The material preparation of Cu₂S was consistent with that reported in the literature (Zhang et al., 2018), and the method of hydrothermal synthesis was adopted. Firstly, 1 mmol CuCl₂ 2H₂O was dissolved in 30 ml EDA and 3 mmol thiourea was added. Then, the mixture was stirred with a magnetic mixer for 2 h at room temperature. After stirring, the mixed solution was transferred into a 50-ml polytetrafluoroethylene (PTFE) lined autoclave and reacted at 80°C for 8 h. Finally, the centrifugal Cu₂S was washed with anhydrous ethanol and secondary deionized water and then dried in a freeze dryer for the next step.
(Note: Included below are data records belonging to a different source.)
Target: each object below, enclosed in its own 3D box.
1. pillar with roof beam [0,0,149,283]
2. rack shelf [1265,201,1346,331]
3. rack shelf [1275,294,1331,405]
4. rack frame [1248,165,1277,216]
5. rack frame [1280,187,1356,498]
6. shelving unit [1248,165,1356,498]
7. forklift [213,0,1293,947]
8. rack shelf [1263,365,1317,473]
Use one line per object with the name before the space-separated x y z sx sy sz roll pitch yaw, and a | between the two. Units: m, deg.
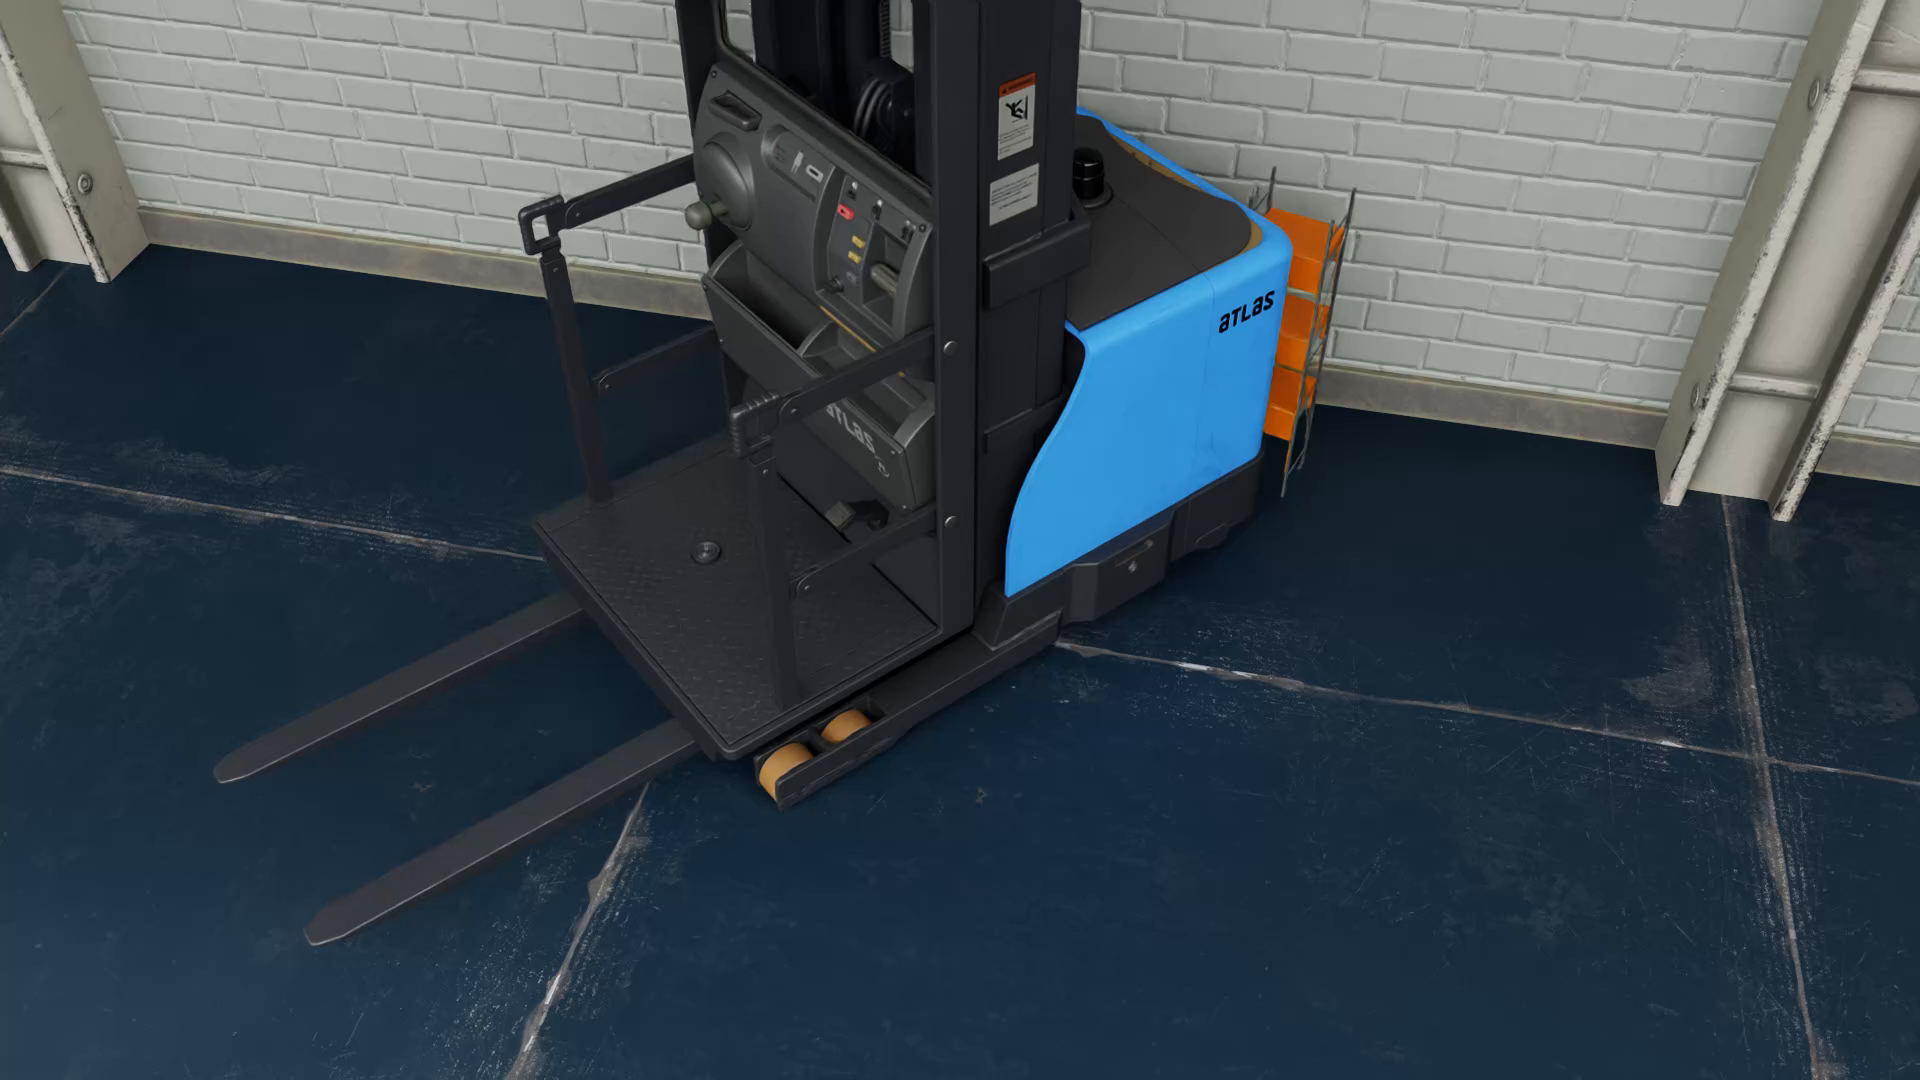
pillar with roof beam | -4.301 -1.429 0.246 0.400 9.000 9.100 9 45 9
rack shelf | 0.984 -0.815 4.945 0.240 0.259 0.215 21 48 20
rack shelf | 0.984 -0.610 5.142 0.240 0.259 0.215 21 48 20
rack frame | 0.877 -0.659 5.177 0.008 1.050 0.200 21 48 20
rack frame | 1.091 -0.577 5.092 0.008 1.050 0.200 21 48 20
shelving unit | 0.984 -0.618 5.135 0.252 1.050 0.215 21 48 20
forklift | -0.538 -0.759 3.925 3.031 2.935 1.130 -28 51 -26
rack shelf | 0.984 -0.410 5.335 0.240 0.259 0.215 21 48 20

Polyvinylpyrrolidone (PVP, 50 mg) and synthesized Cu₂S (7.2 mg) were added into 8 ml secondary deionized water. Then, 5 ml of 10 mmol/L Na₂PdCl₄ solution was added to the above solution. Subsequently, the mixture was stirred with a magnetic mixer for 20 min and washed with ethanol and secondary deionized water three times. Finally, the obtained black powdery Cu₂S/Pd was dried in vacuum.

The GCE (0.4 µm in diameter) was first polished with 0.05 µm aluminum oxide powder and then thoroughly rinsed with ultrapure deionized water to acquire a fresh and transparent surface. The oxidation peak of bare GCE is less than 100 mV with the reduction peak. The polished GCE was covered with deionized water to prevent oxidation, and then the electrode was blown dry with ear washers. Afterwards, the GCE electrode was modified with Cu₂S/Pd (6 μl, 2 mg/ml) and the three-electrode system was assembled. The electrode was placed into 10 ml PBS, and 40 μl H₂O₂ (5 M) was injected into PBS under the operation of chronoamperometry. Finally, the residual H₂O₂ on the surface of the working electrode was washed off with PBS and the modified electrode dried.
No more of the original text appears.